Without any of their pictures, return all of the records exactly.

Extracted records
*** Begin section ***

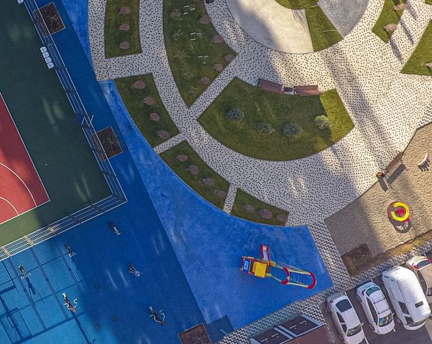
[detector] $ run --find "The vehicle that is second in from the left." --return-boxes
[325,292,368,344]
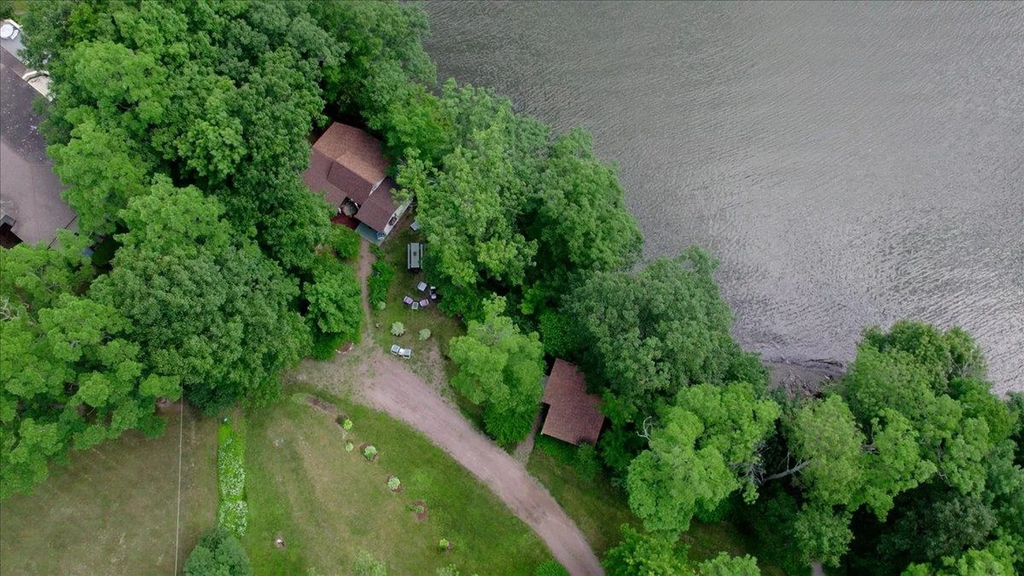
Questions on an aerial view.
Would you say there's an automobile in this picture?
No
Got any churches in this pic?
No
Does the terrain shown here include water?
Yes
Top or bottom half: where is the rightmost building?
bottom
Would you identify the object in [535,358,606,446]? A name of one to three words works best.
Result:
building
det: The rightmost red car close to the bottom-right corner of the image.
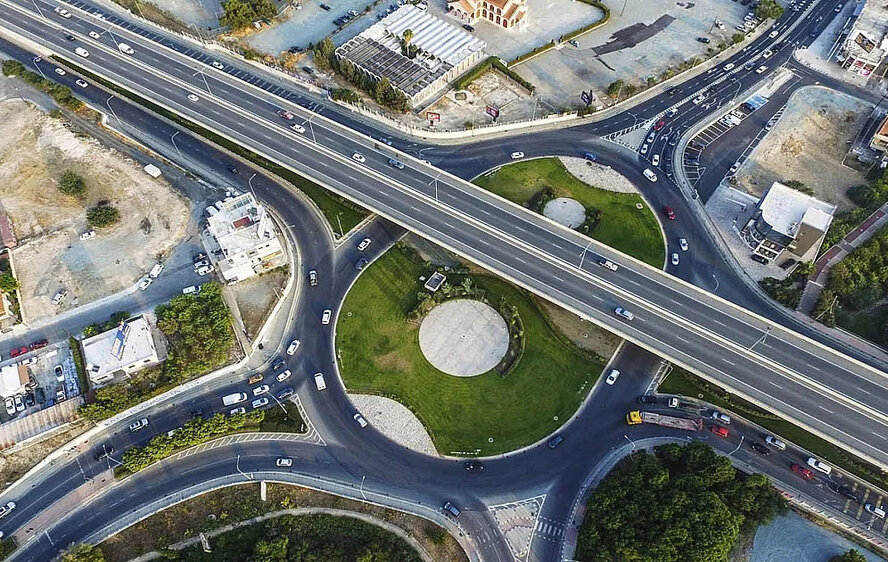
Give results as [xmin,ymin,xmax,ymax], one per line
[791,464,813,479]
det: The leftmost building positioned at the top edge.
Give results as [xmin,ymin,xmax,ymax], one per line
[336,5,486,111]
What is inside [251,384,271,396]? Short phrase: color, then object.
white vehicle
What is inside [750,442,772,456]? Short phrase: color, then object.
black vehicle
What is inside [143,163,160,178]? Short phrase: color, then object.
white vehicle

*** End section ***

= Expected answer =
[detector] $ run --find "The vehicle that is second in from the left." --return-boxes
[325,292,368,344]
Questions on an aerial view.
Would you say there's an automobile in this picture?
No
Got any churches in this pic?
No
Does the terrain shown here include water?
Yes
Top or bottom half: where is the rightmost building?
bottom
Would you identify the object in [535,358,606,446]? A name of one to three words works best.
Result:
building
det: The rightmost red car close to the bottom-right corner of the image.
Give results as [xmin,ymin,xmax,ymax], one per line
[791,464,813,479]
det: The leftmost building positioned at the top edge.
Give results as [xmin,ymin,xmax,ymax], one per line
[336,5,486,111]
What is inside [251,384,271,396]? Short phrase: color, then object.
white vehicle
What is inside [750,442,772,456]? Short phrase: color, then object.
black vehicle
What is inside [143,163,160,178]? Short phrase: color, then object.
white vehicle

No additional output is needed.